However, reinforcement learning enables precise autonomous coding at scale, Lodge said. Of course, he has a vested interest in saying this: In 2019, his company Diffblue released Cover, a commercial unit test writing tool based on reinforcement learning. Cover writes complete unit test suites without human intervention, making it possible to automate complex, error-prone tasks at scale.

Is Lodge biased? Absolutely. He has many experiences justifying his belief that reinforcement learning outperforms GenAI in software development. Today, Diffblue uses reinforcement learning to search the space of all possible test methods, automatically write test code for each method, and select the best test among the tests written. Reinforcement learning reward functions are based on a variety of criteria, including test coverage and aesthetics, one of which includes conforming to human-written coding style. The tool creates tests for each method in an average of one second.

Lodge believes that if the goal is to automatically write 10,000 unit tests for a program that no one understands, then reinforcement learning is the only real solution. "Large language models cannot compete; humans have no way to effectively supervise them and correct their code at this scale, and making models larger and more complex does not solve this problem."

Conclusion: The most powerful thing about large language models is that they are general-purpose language processors. They can perform language tasks for which they have not been explicitly trained. This means they can do a great job at content generation (copywriting) and many other things. Lodge emphasized: "But this does not make large language models a substitute for artificial intelligence models, which are often based on reinforcement learning, which are more accurate, more consistent, and can be used at scale."

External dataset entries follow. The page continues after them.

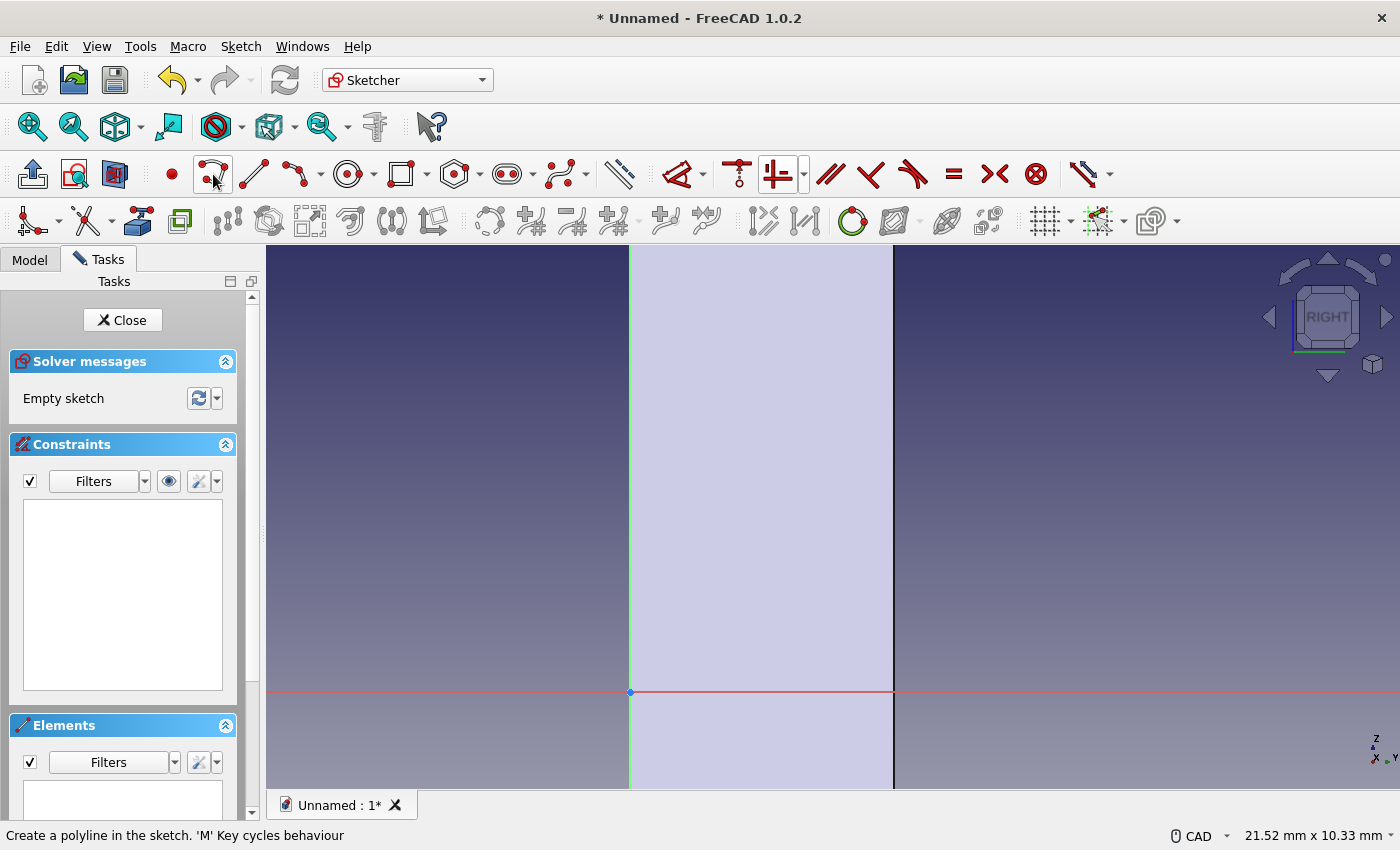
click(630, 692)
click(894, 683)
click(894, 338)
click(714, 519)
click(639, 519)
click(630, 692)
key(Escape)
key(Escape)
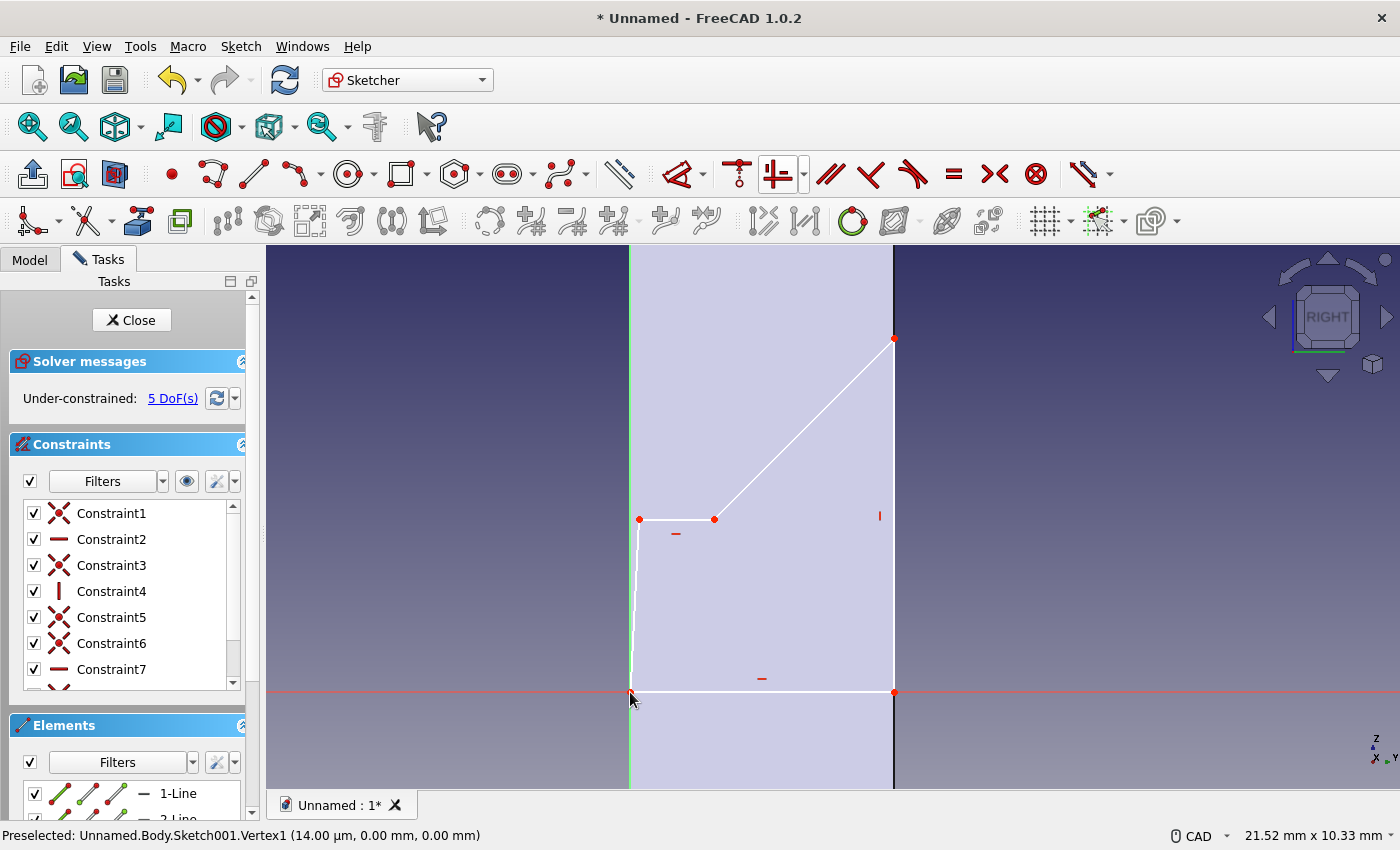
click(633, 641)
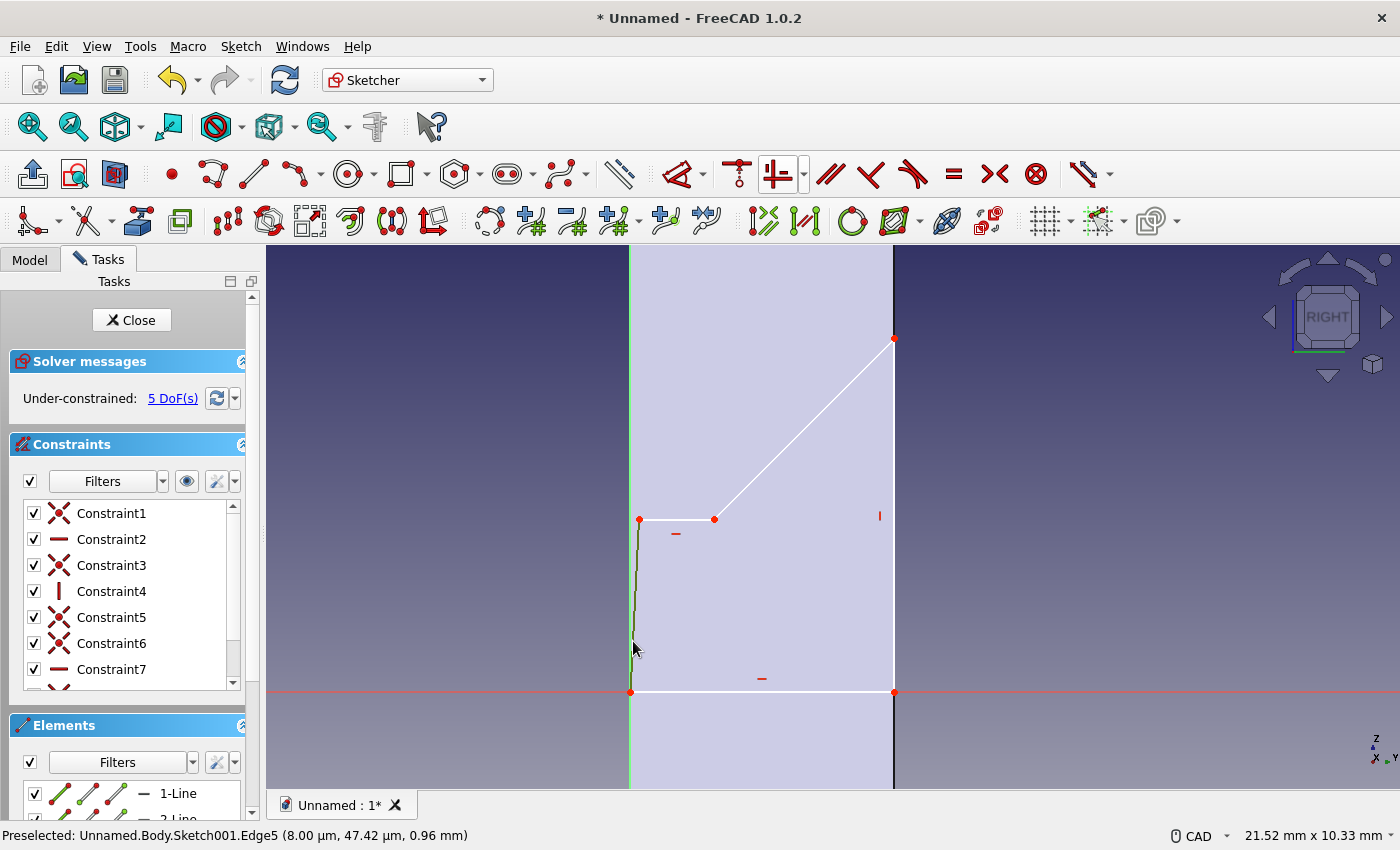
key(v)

The above is the detailed content of Are large language models wrong for coding?. For more information, please follow other related articles on the PHP Chinese website!

Statement of this Website
The content of this article is voluntarily contributed by netizens, and the copyright belongs to the original author. This site does not assume corresponding legal responsibility. If you find any content suspected of plagiarism or infringement, please contact admin@php.cn

Hot AI Tools

Undresser.AI Undress

Undresser.AI Undress

AI-powered app for creating realistic nude photos

AI Clothes Remover

AI Clothes Remover

Online AI tool for removing clothes from photos.

Undress AI Tool

Undress AI Tool

Undress images for free

Clothoff.io

Clothoff.io

AI clothes remover

AI Hentai Generator

AI Hentai Generator

Generate AI Hentai for free.

Hot Article

R.E.P.O. Energy Crystals Explained and What They Do (Yellow Crystal)
2 weeks ago By 尊渡假赌尊渡假赌尊渡假赌
Repo: How To Revive Teammates
1 months ago By 尊渡假赌尊渡假赌尊渡假赌
Hello Kitty Island Adventure: How To Get Giant Seeds
1 months ago By 尊渡假赌尊渡假赌尊渡假赌

Hot Tools

Notepad++7.3.1

Notepad++7.3.1

Easy-to-use and free code editor

SublimeText3 Chinese version

SublimeText3 Chinese version

Chinese version, very easy to use

Zend Studio 13.0.1

Zend Studio 13.0.1

Powerful PHP integrated development environment

Dreamweaver CS6

Dreamweaver CS6

Visual web development tools

SublimeText3 Mac version

SublimeText3 Mac version

God-level code editing software (SublimeText3)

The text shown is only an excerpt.